MMP was measured using the mitochondria-specific lipophilic cationic fluorescent dye, JC-1. As a monomer, JC-1 is capable of selectively entering mitochondria. Under normal conditions, JC-1 aggregates within mitochondria and emits red fluorescence. However, when the MMP collapses during apoptosis, JC-1 emits green fluorescence. The dissipation of ΔΨm was measured as an increase in green fluorescence.

Fig. 5A and C show the analysis of MMP in HCCLM6 and HL-7702 cells that were incubated with or without EGCG. Following 10 and 30 μg/ml EGCG treatment, HCCLM6 cells showed a significantly lower ratio of JC-1 aggregation in mitochondria compared to untreated cells (Fig. 5B). However, there was no significant change in the ΔΨm of HL-7702 cells, as indicated by the fairly constant JC-1 aggregation in the mitochondria of EGCG-treated and untreated cells (Fig. 5D).

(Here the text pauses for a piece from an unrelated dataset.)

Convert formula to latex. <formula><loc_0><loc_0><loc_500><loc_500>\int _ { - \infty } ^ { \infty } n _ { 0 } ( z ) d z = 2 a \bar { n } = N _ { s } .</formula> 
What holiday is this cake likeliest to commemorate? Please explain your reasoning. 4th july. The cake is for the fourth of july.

Western blot analysis showed significantly lower expression of Bcl-2 and NF-κB (Fig. 6A; P<0.01) in EGCG-treated HCCLM6 cells. Conversely, the expressions of Bax, p53, caspase-3 and caspase-9 were significantly increased (P<0.05) in a dose-dependent manner (Fig. 6A). EGCG treatment significantly reduced the expression of cytochrome c in mitochondria but increased its expression in the cytosol of HCCLM6 cells (Fig. 6A). As shown in Fig. 6B, EGCG treatment did not significantly affect the expression of any of these proteins in HL-7702 cells, even at high EGCG concentrations.